As I see it, the situation is as follows: you are, and we are not. Or to be more precise, you aren’t, and we still are. It seems that the master-disciple relationship is really a kindness on your part to describe, in flattering terms, what is essentially our failure to hear what you have said – more often, more clearly, and more lovingly than any disciples in history could have possibly been blessed with. If, in some way, there is a problem with the process, that problem can only be ours – irrefutably, undeniably and totally ours. Osho, isn’t taking this responsibility unto ourselves, rather than projecting our expectations onto you, the very first step?
Responsibility is always the very first step of freedom. Throwing the responsibility on somebody else’s shoulders is throwing away the opportunity for freedom. You cannot divide the two, they are inseparably one.

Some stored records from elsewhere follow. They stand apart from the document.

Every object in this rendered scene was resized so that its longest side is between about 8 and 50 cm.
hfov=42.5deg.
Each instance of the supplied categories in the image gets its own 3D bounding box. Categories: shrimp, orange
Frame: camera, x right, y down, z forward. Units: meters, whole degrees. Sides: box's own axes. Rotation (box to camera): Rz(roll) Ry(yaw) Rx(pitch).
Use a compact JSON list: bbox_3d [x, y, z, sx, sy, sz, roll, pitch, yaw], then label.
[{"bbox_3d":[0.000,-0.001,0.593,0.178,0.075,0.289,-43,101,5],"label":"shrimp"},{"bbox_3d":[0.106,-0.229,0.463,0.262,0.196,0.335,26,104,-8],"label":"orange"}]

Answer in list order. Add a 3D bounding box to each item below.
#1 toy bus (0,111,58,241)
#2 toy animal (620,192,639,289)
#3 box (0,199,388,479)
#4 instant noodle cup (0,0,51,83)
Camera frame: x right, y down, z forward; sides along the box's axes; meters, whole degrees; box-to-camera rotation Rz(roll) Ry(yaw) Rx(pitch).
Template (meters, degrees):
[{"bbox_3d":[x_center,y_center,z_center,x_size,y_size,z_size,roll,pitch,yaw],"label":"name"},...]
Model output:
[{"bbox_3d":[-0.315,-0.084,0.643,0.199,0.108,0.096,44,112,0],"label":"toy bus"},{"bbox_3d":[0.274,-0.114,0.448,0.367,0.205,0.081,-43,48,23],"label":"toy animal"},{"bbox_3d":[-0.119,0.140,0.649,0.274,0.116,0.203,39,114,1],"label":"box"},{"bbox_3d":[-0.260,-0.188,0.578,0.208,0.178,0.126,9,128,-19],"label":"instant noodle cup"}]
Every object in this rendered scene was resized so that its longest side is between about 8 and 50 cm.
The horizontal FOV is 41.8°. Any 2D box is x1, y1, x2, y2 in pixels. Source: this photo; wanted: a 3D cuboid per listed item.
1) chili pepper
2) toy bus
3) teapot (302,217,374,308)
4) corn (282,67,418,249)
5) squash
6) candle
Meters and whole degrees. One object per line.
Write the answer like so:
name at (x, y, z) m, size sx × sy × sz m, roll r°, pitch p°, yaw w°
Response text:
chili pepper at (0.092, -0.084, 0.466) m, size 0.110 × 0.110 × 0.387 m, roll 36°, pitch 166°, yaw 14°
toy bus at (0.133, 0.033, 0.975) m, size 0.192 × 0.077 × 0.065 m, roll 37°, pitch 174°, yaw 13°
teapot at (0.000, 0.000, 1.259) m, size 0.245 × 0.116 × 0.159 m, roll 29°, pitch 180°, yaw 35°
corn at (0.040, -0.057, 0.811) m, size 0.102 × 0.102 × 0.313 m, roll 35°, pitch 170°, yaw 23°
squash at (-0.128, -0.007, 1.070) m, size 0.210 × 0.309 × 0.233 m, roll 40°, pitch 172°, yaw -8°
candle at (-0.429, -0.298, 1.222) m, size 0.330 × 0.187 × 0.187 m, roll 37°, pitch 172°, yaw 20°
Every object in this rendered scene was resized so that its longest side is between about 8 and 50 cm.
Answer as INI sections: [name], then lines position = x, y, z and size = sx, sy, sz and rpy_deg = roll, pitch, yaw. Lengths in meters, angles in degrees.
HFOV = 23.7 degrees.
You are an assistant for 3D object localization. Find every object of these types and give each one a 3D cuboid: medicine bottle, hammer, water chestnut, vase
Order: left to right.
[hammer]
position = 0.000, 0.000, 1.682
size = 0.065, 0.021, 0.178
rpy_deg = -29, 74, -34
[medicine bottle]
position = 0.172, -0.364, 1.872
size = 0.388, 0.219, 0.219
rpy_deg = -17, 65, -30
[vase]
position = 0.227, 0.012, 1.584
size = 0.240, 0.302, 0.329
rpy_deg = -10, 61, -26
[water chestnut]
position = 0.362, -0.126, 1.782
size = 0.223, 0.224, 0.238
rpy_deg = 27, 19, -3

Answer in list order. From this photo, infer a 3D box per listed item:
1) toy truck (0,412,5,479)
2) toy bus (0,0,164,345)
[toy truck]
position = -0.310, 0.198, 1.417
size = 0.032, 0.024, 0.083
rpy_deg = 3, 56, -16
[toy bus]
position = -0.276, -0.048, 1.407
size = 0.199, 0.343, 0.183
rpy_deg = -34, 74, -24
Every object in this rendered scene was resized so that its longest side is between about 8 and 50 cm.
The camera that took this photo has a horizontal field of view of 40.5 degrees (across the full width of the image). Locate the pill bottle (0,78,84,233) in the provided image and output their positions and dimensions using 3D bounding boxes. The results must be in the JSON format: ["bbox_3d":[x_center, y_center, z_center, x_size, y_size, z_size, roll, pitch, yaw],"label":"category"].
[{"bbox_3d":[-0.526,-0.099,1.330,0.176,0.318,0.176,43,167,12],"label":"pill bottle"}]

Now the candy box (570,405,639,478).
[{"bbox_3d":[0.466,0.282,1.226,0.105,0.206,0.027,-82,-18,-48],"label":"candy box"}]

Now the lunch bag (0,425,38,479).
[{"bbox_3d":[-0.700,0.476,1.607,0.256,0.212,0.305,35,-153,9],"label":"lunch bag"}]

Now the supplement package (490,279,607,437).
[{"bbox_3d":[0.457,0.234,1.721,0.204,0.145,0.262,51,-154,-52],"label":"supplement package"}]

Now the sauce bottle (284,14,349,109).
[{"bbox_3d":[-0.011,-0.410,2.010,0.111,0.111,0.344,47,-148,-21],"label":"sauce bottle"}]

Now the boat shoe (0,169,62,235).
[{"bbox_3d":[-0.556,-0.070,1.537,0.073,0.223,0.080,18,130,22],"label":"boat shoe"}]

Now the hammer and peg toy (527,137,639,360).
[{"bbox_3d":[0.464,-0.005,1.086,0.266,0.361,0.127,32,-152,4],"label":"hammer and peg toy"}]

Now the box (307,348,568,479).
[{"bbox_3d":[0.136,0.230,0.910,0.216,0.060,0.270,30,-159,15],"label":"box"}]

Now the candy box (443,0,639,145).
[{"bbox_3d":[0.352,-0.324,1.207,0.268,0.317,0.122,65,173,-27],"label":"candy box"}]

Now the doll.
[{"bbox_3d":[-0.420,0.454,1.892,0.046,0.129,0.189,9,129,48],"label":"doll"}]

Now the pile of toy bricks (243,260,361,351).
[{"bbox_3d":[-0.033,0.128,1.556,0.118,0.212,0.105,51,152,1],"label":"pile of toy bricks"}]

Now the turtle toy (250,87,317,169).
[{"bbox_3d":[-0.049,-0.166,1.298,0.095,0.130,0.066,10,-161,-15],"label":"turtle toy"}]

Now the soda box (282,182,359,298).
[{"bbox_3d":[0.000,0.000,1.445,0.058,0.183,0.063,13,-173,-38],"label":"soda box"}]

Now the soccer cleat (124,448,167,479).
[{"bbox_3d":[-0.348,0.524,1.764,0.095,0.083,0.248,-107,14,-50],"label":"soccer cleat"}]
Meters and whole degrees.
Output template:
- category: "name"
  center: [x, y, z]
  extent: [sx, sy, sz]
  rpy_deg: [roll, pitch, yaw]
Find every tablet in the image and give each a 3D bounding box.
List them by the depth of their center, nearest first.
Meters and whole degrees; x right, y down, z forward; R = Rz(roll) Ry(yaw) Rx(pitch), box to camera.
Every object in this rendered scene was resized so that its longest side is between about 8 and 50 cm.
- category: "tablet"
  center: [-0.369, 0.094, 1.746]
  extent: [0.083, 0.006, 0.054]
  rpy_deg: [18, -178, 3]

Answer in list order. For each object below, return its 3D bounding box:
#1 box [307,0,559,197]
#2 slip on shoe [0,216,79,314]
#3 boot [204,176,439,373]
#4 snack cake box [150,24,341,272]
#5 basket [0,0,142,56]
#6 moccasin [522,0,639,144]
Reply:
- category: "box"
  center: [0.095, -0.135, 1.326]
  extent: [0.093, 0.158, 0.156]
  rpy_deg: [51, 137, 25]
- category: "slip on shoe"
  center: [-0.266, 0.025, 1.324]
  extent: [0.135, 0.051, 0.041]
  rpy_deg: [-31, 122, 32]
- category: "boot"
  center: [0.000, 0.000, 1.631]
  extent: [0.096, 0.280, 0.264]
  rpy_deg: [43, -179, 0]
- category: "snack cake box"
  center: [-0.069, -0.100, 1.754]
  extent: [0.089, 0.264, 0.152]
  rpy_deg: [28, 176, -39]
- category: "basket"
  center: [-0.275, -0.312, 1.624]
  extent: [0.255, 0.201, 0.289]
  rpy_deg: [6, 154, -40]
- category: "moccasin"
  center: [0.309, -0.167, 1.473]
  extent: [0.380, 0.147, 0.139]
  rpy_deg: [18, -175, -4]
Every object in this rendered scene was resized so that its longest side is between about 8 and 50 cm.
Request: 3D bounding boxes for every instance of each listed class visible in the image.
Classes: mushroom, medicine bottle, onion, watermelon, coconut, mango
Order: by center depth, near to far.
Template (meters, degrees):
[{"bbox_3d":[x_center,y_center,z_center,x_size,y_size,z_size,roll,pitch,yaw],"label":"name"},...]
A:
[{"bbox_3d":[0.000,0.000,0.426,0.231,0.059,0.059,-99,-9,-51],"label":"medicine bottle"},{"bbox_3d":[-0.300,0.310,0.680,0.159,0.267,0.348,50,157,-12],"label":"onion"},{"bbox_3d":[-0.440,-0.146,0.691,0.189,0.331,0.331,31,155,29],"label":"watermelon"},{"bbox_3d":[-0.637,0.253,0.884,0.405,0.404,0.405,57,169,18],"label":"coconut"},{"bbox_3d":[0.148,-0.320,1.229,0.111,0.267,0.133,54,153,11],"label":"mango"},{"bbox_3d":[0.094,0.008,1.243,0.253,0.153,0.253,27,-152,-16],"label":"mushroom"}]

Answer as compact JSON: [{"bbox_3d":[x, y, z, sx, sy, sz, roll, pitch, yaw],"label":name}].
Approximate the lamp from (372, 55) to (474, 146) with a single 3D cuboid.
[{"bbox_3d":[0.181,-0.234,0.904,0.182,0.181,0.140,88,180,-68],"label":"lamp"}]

It is true that the whole responsibility is of the disciple – the master is only a catalytic agent, an excuse. But to accept responsibility needs guts – everybody wants freedom, nobody wants responsibility. And the trouble is that they always go together. If you do not want responsibility, you will be enslaved in some way or other.
The slavery can be spiritual – which is the worst kind of slavery possible. The political slavery, the economic slavery, are superficial; you can revolt against them very easily. But the spiritual slavery is so deep that even the idea of revolting against it does not arise, for the simple reason that this slavery is there because you have asked for it. Other slaveries are imposed on you; you can throw them away – they are against you. This slavery, the spiritual slavery, appears not to be against you but a tremendous consolation – a consolation that your responsibility has been taken over by somebody who knows; now you need not worry. But along with the responsibility, you have lost freedom also.
And every expectation is a bondage; it leads to frustration sooner or later. It is destined to turn into frustration – no expectation can be fulfilled because nobody is obliged to fulfill your expectations; he has his own expectations.
The master-disciple relationship is not a relationship of expectations. Expectation is the poison that destroys all other relationships. Your love turns into hate the moment there is expectation. Friendship becomes enmity. Just the magic of expectation turns everything beautiful into ugliness.
But your whole life is full of expectations. Your mind knows nothing but to expect. Hence when you come to a master your mind brings its expectations, its habits, its old routine. And there are people who pretend to be masters. This has to be the criterion: If anybody is ready to fulfill your expectations he is not a master, he is simply exploiting you.
No master can say, “I am going to fulfill your expectations.” He can only say, “I am going to destroy all your expectations” – because unless your expectations are destroyed your old, rotten mind cannot be destroyed. Your old habits which are hindering the growth of your being cannot be removed.
The authentic master does not take any responsibility. It is a very strange thing; you would have thought otherwise, that the compassionate master must accept your expectations and try to fulfill them.